User perspective: an evolution of the Calisphere they know
You’ll remember this slide – the “before”
Now campus libraries can utilize a shared DAMS if they wish
For campuses that have their own systems, we can harvest their content without needing them to actually send us their objects for hosting
The harvested metadata will go into a common index
And finally, we’ll be building a new Calisphere website where all of these digital resources will be aggregated and exposed to the world
So here’s the “after”
As for timeline, it is a 2-year project to actually build this beast.
And, as I mentioned, we are here – just about halfway in
Shooting to have the DAMS available for campus libraries to add new assets and metadata this summer
Goal is to launch the public site—that is, the new Calisphere interface—in summer of next year
The new site and the current Calisphere site will then run simultaneously for a little while, giving users the option to toggle between the different views.
Before I move on to the future implications… visit our wiki!
So we have a sense of where we are now, and where we will be about this time next year.
Building blocks of infrastructure for a growing systemwide collection, including
Management capabilities for campuses that need it
Harvest to reduce redundancy
Plus a beautiful, next-gen public interface for discovery and access
Assuming we pull all that off, what’s on the horizon?
Well, for one, the new technical architecture for Calisphere opens the gate to a lot of cool potential new features on the site
These are just some of the blue-sky ideas we’ve been tossing around—some for several years—and the new site technology will make it much easier for us to pursue these
Of course, something we want to make sure is that we are pursuing the features that are most of value for end-users, so I imagine that will be among our next steps for the ongoing development of the site
Another way that this project is exciting is that this technical model will hopefully make it possible for us to easily expose content beyond our own website.
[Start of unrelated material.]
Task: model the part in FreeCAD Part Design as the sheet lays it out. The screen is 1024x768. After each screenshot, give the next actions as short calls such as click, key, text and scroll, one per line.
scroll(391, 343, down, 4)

This common index provides more flexibility than the repository we used to have, in part because it will have an API (if you’re familiar with that).
This is where I think we really start to see the scalability of this model – becomes a platform for access to these resources
I promise this is the last time you’ll see this diagram!
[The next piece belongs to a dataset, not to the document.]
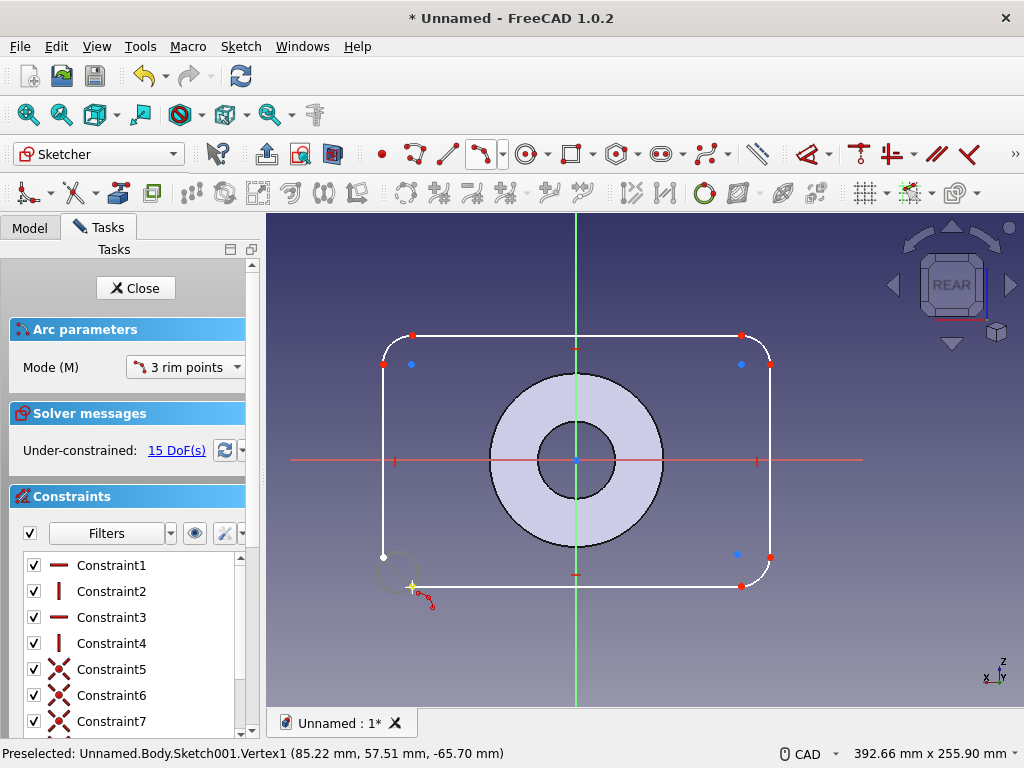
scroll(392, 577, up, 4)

For example, something we are working on right now is aligning our model with the Digital Public Library of America.
Familiar with DPLA? A national aggregation of metadata to digital resources, with a substantial focus on special collections
By structuring our model as we have, we will be able to share more metadata much more quickly
Another possibility for where resources in this collection appear is on campus library-developed websites and exhibits. There are a lot of reasons we can imagine why a library might want to design something custom – for example if they are celebrating an anniversary or they have a grant project they want to highlight, or they want to develop a site for a particular niche audience. One way we are thinking about supporting this is by developing connections with Omeka. Omeka is a digital library exhibit-builder that is very popular, which allows you to fairly quickly create a website with various categories
And finally, before I wrap up, I want to return to the beginning of my talk and the fact that there is still lots of material that remains to be digitized…
What we’re hoping is that by having this infrastructure in place, and by being able to surface these digital resources in so many venues…
…we’ll have an even stronger case for funding for digitization
We’ve heard that granting organizations are increasingly concerned about the long-term sustainability of digital projects – and this makes sense. They want to know that when they pay for digitization, the resulting objects will be both widely and persistently available. With a new technical infrastructure, we will be even better positioned to ask for grants and other funding.
Well. I know no better way to end a presentation than with a giant bag of money. So…
With that, I’ll close. Thank you all for your time.